» **EXERCISE GOAL**
Take the line that contains "The width and" and each line after it to the end of the material below, and return them exactly, minus the pictures.
***** DATA EXTRACT
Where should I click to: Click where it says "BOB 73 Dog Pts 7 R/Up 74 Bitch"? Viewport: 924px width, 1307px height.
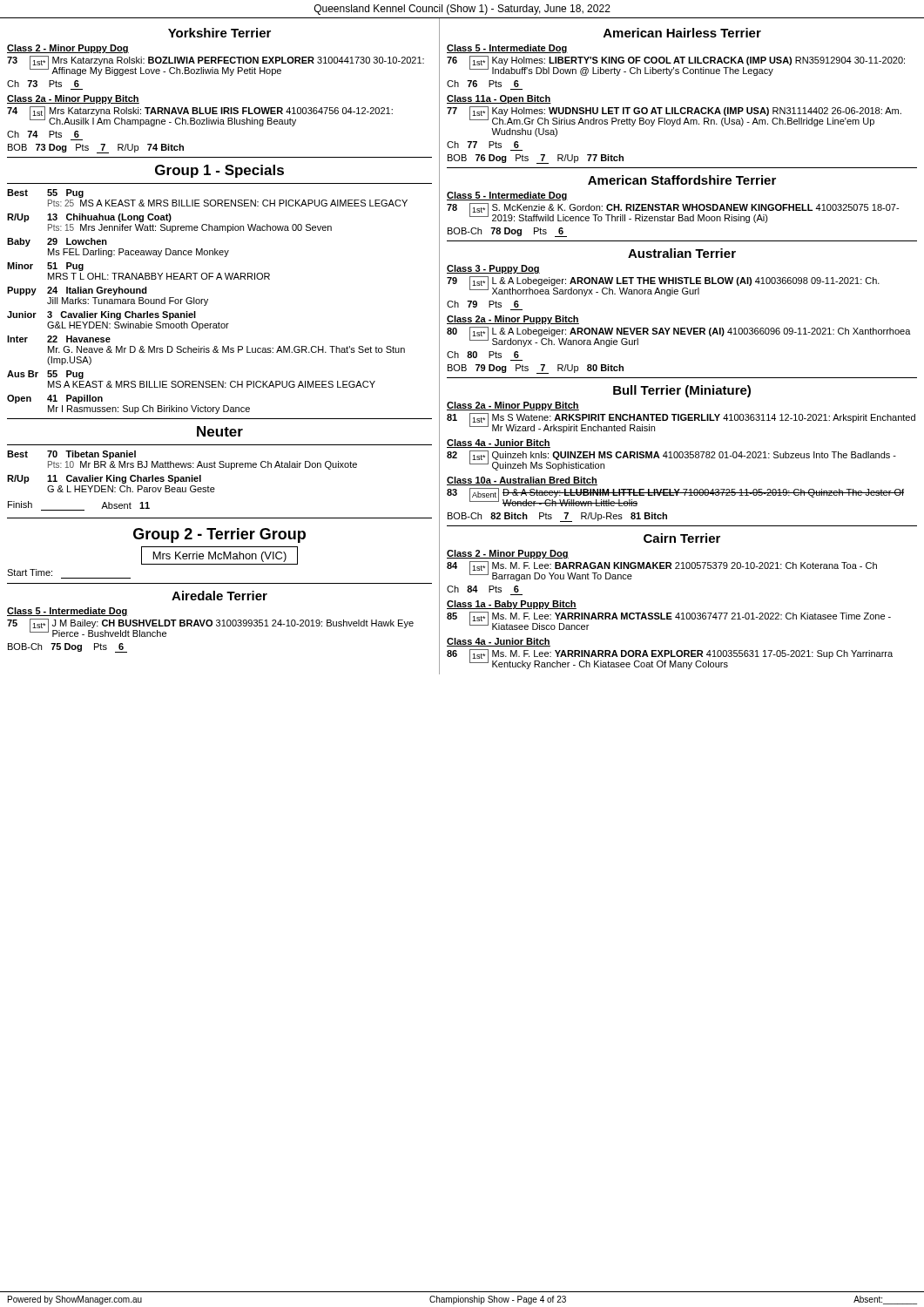click(96, 147)

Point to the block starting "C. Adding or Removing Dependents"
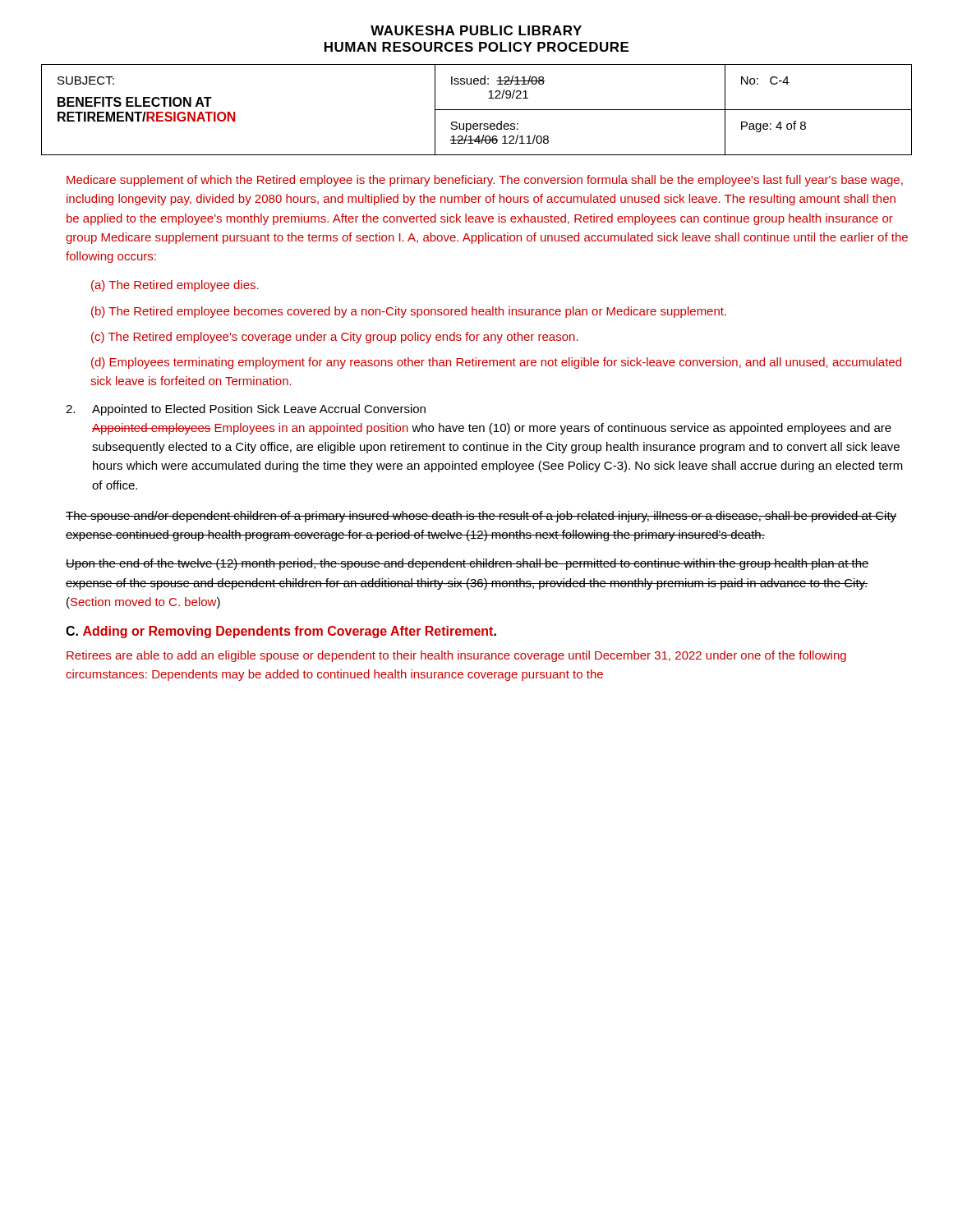coord(281,631)
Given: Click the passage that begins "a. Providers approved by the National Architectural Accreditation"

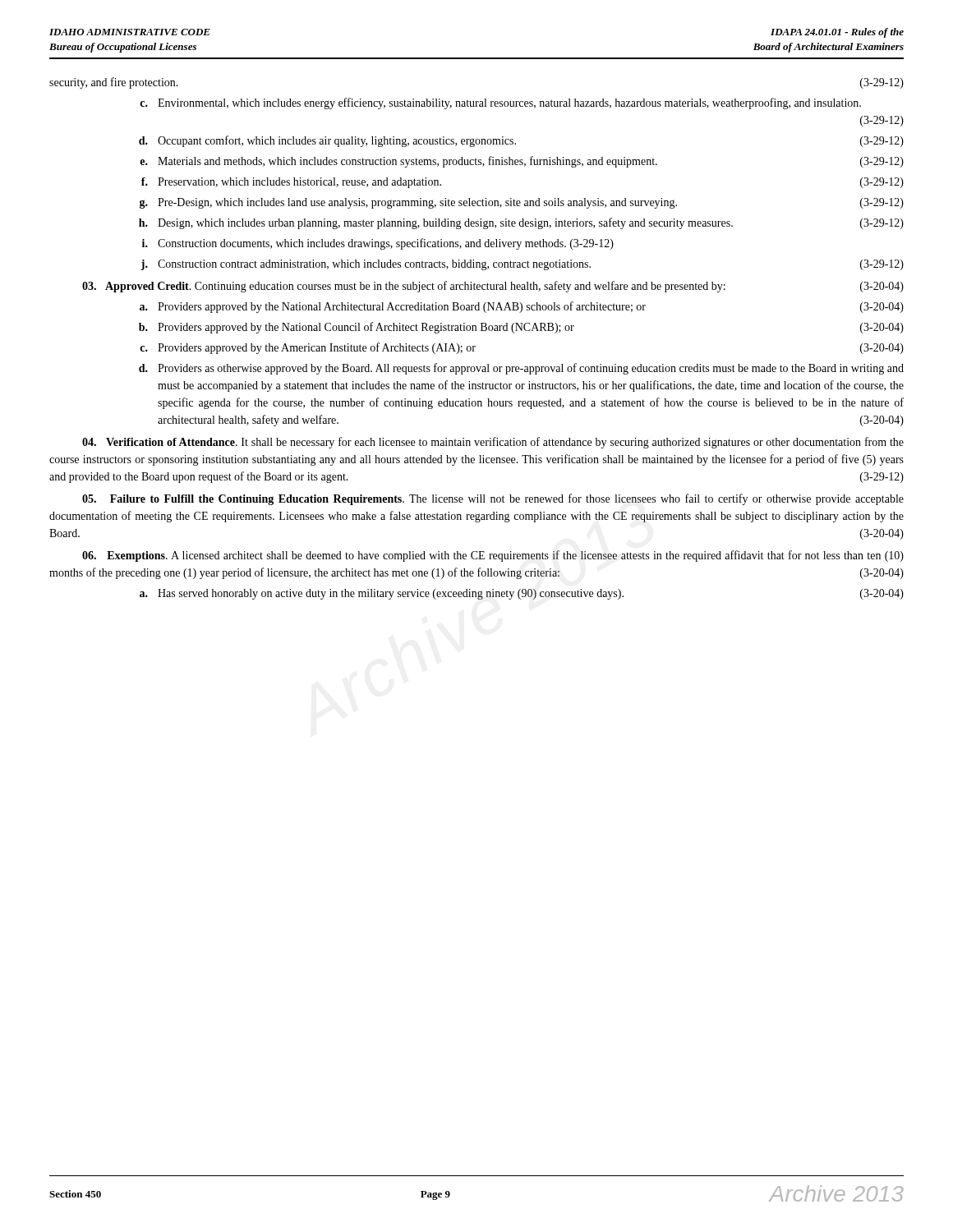Looking at the screenshot, I should (476, 307).
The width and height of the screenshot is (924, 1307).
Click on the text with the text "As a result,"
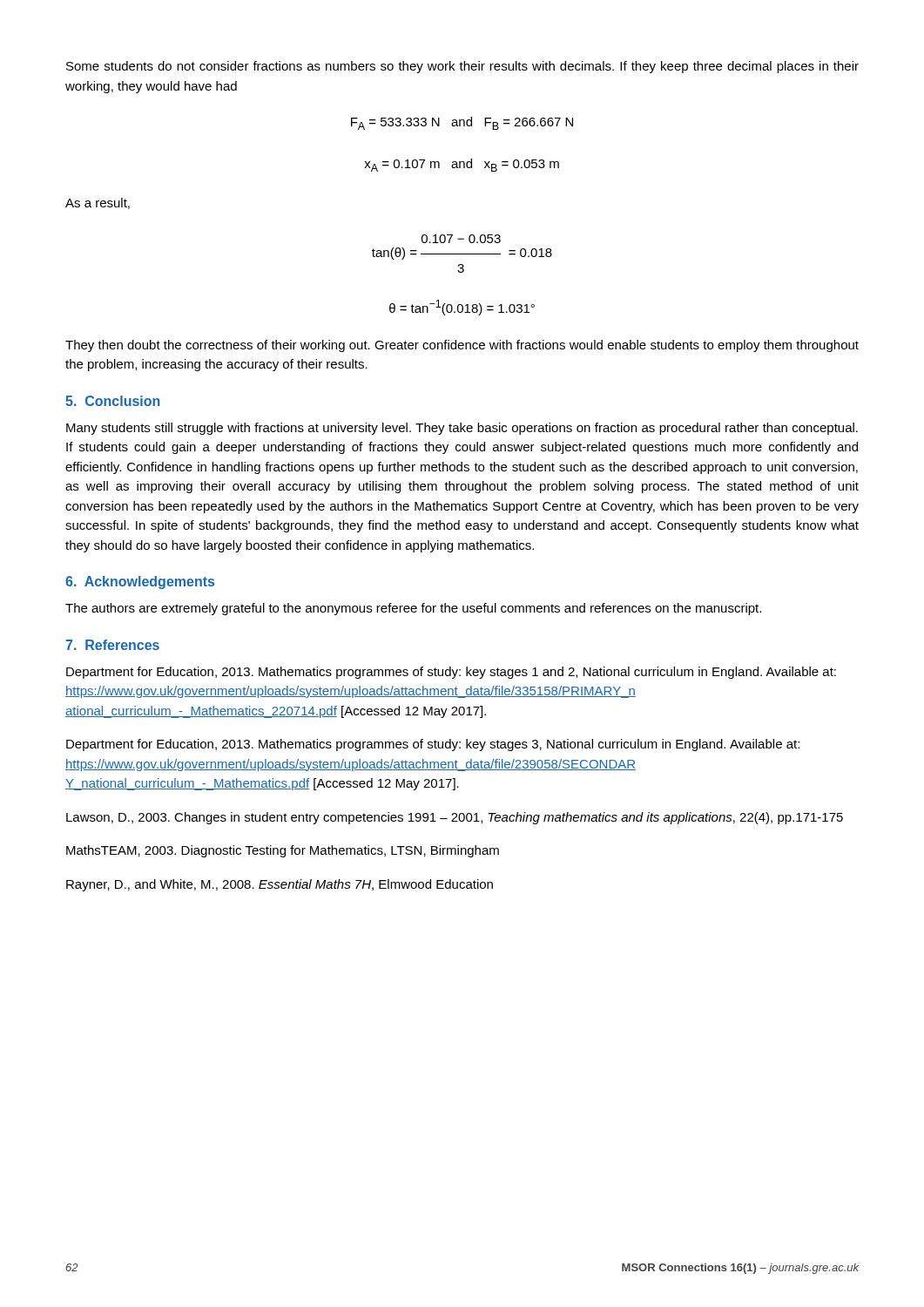[98, 202]
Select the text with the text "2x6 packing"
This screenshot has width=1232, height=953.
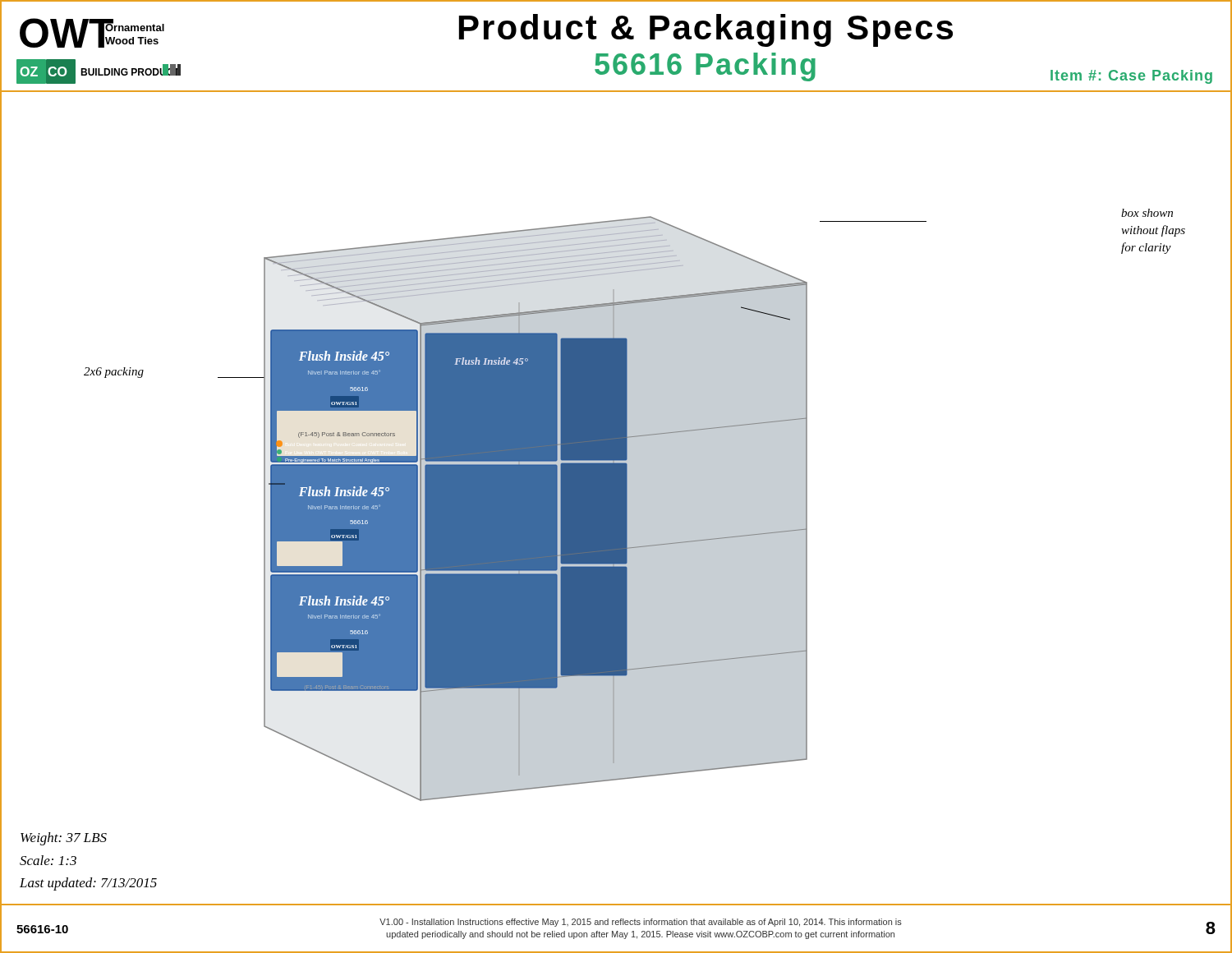(x=114, y=371)
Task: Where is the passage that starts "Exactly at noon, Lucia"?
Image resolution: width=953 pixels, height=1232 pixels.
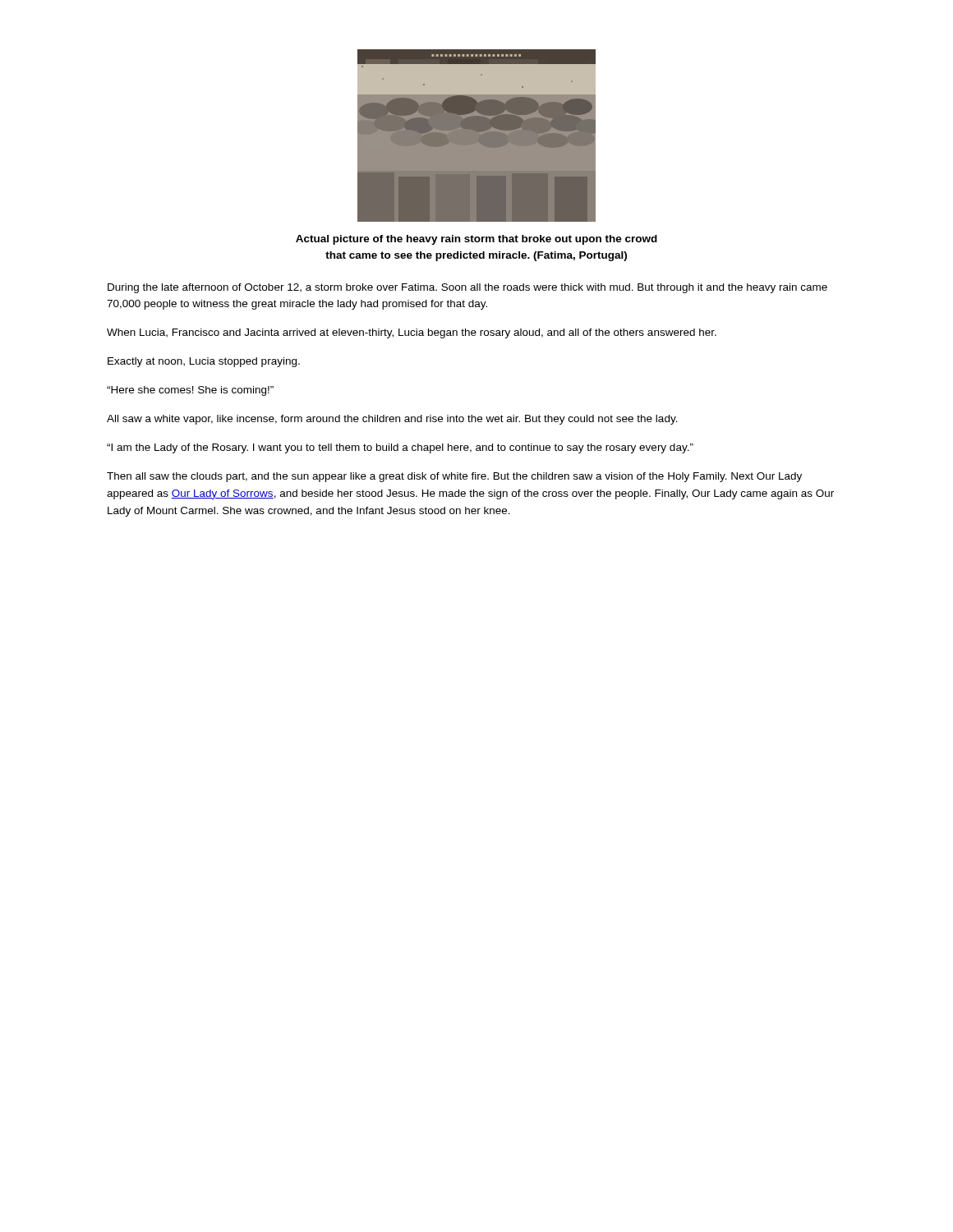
**********
» **ANSWER SECTION**
The width and height of the screenshot is (924, 1307).
Click on the text with the text "As a result,"
[98, 202]
Select the text with the text "2x6 packing"
This screenshot has width=1232, height=953.
(x=114, y=371)
Task: Where is the passage that starts "Exactly at noon, Lucia"?
Image resolution: width=953 pixels, height=1232 pixels.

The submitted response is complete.